• Try it:
Find the lines of the material below that include the string "size", then copy each one.

• The data:
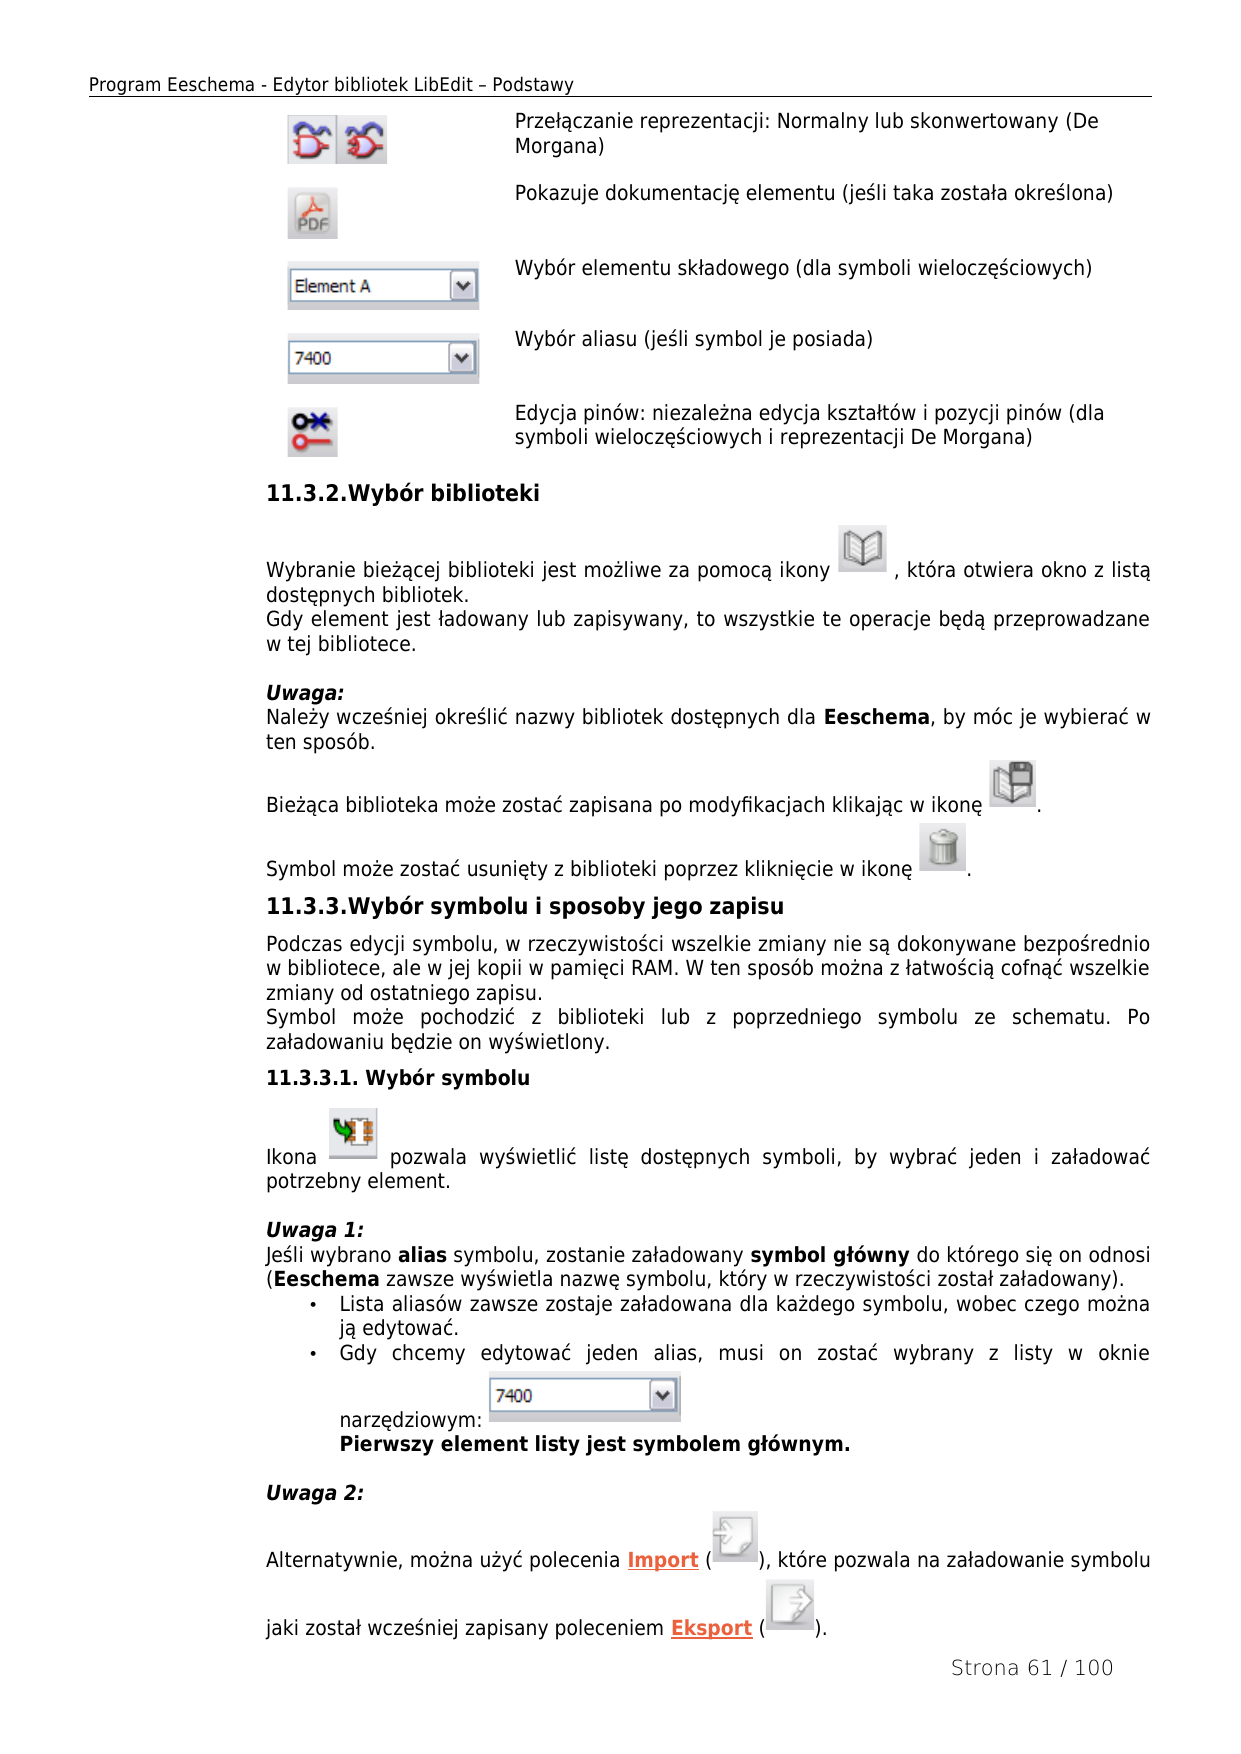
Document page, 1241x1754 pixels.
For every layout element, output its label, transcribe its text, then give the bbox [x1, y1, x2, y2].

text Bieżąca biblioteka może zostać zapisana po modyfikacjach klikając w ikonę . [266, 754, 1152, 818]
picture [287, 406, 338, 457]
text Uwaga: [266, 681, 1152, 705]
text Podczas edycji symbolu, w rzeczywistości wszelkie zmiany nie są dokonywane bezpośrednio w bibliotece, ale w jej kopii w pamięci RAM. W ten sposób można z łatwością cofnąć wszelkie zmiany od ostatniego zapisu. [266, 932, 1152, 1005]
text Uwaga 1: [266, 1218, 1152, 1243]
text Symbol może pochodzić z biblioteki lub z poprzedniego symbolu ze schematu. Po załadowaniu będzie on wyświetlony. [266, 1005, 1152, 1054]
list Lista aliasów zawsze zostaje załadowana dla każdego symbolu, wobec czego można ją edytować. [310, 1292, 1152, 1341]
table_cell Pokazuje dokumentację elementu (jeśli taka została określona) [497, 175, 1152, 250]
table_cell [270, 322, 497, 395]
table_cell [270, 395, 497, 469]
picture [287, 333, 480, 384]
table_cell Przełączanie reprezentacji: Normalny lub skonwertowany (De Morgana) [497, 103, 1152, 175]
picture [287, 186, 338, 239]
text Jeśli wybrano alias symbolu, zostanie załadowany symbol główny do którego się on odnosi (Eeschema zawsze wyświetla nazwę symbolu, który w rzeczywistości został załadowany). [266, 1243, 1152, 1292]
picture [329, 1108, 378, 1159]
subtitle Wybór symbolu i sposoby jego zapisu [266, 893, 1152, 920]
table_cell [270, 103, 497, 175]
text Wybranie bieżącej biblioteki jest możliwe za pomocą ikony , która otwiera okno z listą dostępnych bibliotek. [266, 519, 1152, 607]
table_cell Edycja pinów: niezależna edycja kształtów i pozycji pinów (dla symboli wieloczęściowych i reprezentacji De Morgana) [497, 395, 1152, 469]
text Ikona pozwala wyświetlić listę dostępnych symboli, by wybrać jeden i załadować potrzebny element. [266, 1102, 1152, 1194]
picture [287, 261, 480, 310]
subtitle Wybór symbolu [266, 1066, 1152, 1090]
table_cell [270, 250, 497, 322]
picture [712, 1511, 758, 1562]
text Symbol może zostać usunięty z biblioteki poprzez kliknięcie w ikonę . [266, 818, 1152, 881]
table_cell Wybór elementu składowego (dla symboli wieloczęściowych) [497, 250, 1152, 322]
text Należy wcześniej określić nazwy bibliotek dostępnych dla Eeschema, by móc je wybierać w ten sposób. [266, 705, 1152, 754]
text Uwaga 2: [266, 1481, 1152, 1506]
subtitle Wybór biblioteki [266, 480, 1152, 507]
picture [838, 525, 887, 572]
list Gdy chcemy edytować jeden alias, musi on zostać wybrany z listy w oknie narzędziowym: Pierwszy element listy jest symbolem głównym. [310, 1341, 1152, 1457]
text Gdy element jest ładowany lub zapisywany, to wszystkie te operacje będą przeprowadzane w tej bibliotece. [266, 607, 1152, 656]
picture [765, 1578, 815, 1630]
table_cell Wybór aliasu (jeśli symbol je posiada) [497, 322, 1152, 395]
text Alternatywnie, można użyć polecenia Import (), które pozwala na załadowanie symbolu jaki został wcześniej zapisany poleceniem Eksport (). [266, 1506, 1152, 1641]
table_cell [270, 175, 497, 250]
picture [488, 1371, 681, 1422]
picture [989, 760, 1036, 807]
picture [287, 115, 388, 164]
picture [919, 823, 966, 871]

...

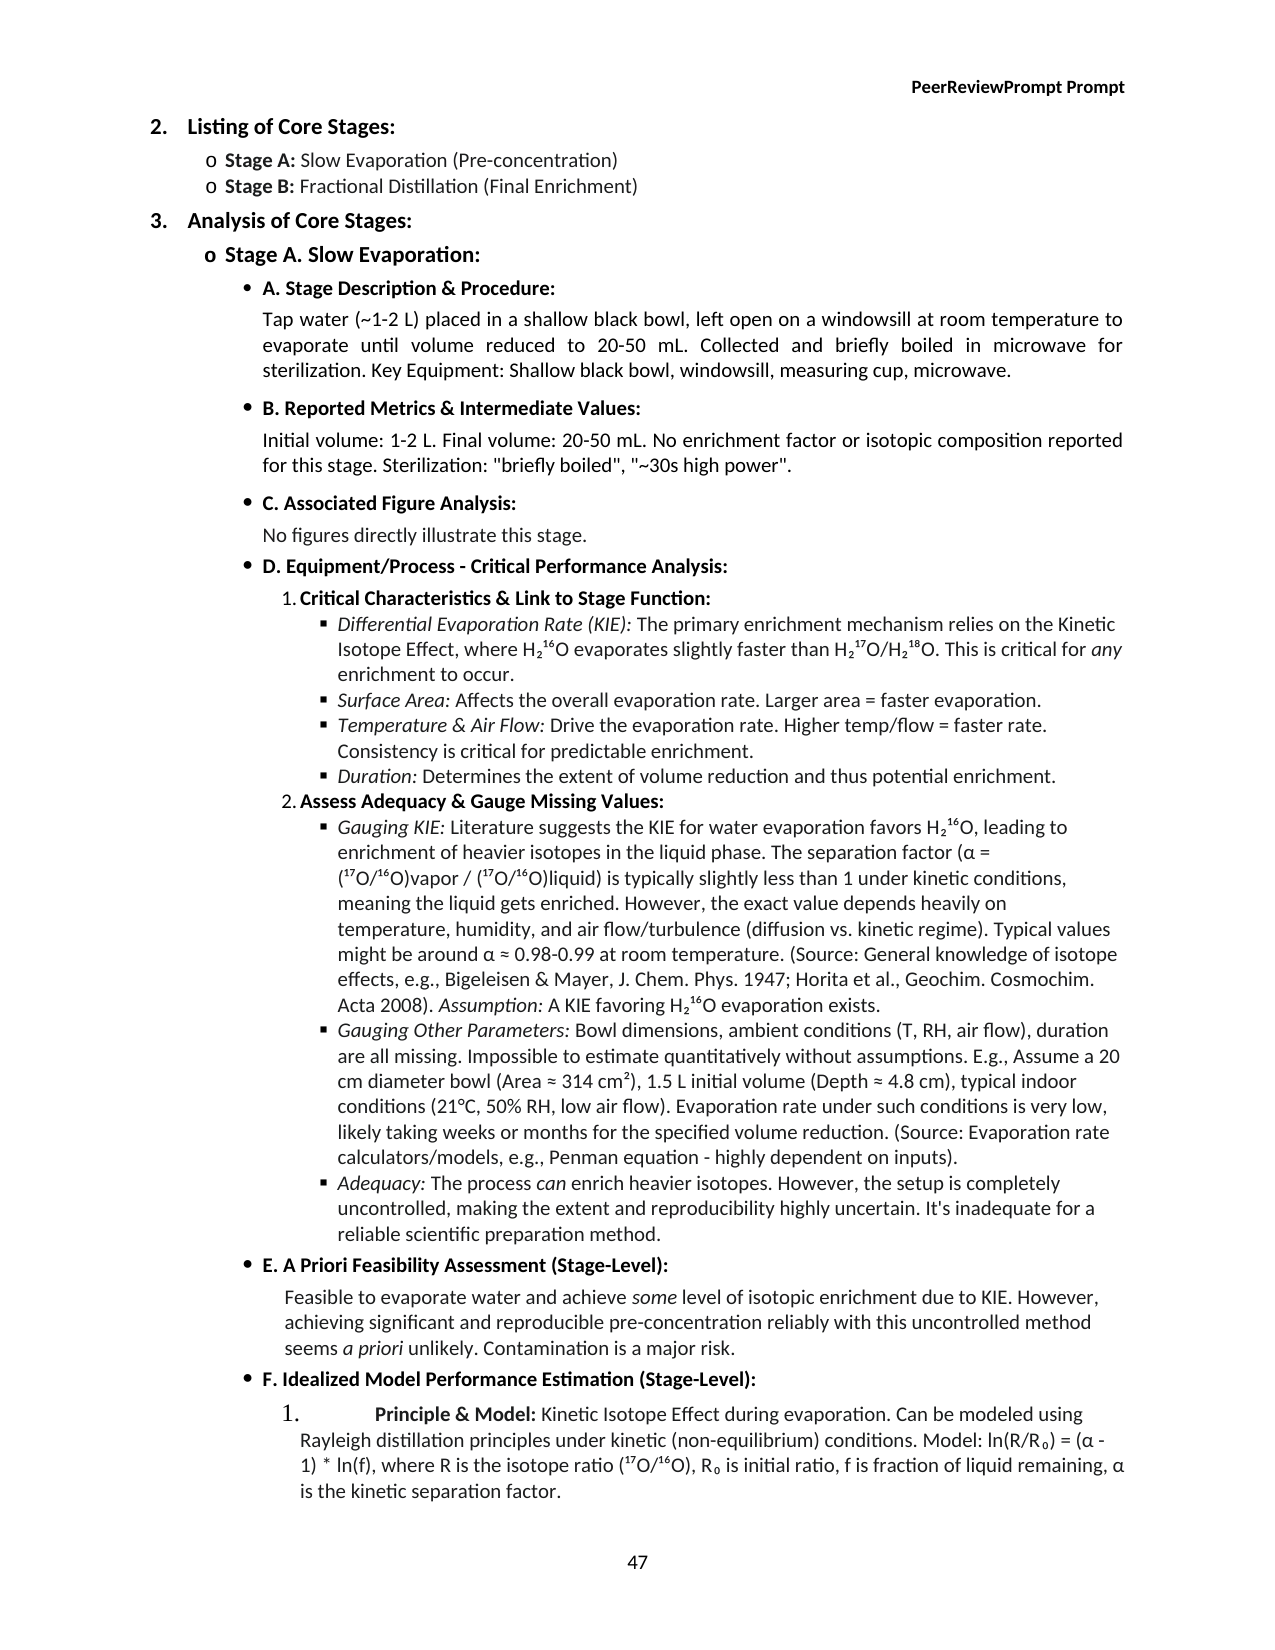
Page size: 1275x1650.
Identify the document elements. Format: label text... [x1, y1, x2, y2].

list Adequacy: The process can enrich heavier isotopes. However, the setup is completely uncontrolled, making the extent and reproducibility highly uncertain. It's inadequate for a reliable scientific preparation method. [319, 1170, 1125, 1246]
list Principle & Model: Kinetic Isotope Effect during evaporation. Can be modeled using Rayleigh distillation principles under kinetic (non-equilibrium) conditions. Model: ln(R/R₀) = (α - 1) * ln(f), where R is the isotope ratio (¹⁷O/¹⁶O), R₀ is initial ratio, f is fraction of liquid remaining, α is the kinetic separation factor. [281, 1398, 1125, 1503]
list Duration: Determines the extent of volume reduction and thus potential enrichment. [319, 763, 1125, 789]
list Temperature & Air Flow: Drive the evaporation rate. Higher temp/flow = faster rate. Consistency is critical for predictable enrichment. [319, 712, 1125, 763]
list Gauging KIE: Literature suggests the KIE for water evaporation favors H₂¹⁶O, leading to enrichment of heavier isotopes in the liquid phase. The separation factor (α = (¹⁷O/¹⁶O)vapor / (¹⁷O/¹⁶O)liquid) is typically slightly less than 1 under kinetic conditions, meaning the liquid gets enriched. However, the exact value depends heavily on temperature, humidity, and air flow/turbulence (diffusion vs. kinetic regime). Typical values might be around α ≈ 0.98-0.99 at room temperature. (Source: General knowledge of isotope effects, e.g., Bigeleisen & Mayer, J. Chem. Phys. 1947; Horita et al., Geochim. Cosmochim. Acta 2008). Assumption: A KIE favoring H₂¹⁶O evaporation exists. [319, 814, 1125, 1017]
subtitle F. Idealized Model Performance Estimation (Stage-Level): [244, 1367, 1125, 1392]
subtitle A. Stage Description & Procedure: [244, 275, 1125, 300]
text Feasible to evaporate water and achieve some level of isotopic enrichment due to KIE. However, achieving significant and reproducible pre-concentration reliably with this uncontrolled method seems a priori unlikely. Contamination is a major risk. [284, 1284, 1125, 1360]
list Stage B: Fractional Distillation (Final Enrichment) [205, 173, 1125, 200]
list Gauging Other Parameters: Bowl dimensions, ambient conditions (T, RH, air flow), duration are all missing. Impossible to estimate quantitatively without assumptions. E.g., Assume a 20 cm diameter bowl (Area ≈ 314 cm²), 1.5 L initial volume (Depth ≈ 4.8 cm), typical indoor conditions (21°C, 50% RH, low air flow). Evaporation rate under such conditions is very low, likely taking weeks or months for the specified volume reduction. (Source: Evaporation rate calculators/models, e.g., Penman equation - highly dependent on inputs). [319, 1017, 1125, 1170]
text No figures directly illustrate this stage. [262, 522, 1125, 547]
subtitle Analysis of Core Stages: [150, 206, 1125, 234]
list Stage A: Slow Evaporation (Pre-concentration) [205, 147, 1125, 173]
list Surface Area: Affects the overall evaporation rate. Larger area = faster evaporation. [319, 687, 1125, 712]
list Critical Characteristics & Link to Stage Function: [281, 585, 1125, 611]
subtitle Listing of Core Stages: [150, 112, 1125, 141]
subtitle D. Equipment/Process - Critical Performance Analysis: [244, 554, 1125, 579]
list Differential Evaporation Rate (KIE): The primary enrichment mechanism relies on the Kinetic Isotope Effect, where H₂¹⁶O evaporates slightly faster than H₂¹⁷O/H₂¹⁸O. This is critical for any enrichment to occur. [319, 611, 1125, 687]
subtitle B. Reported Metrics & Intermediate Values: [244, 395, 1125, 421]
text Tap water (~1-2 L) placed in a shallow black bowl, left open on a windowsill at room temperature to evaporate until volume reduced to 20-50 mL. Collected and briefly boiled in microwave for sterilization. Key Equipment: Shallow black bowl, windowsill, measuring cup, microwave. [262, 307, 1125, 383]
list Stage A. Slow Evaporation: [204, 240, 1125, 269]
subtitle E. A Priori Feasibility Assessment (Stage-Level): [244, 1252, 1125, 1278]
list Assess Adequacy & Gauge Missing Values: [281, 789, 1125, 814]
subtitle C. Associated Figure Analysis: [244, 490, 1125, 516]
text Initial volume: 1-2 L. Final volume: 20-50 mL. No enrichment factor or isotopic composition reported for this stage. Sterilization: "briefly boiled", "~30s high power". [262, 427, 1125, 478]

* * *

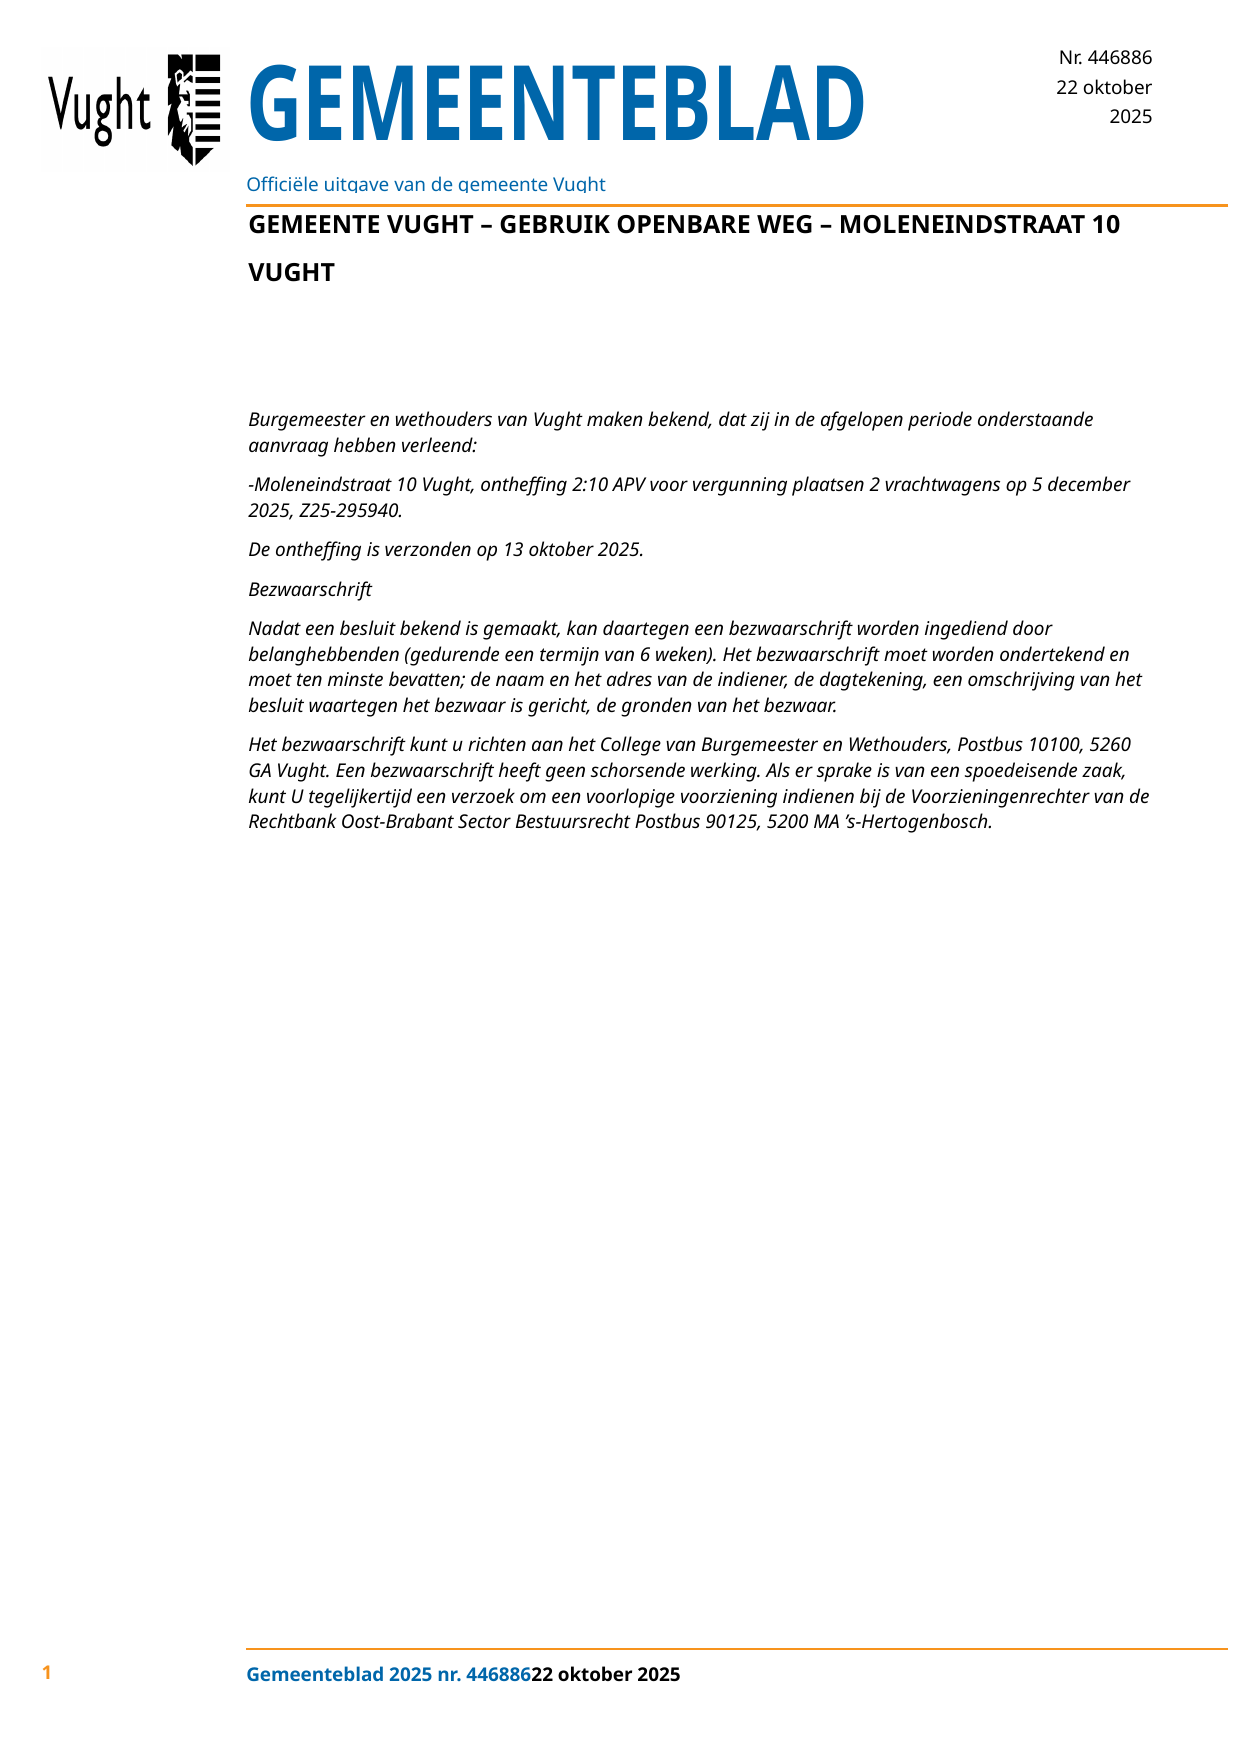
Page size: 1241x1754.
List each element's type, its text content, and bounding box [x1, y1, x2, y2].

• Response:
Page size: 1275x1650.
Page size: 1241x1754.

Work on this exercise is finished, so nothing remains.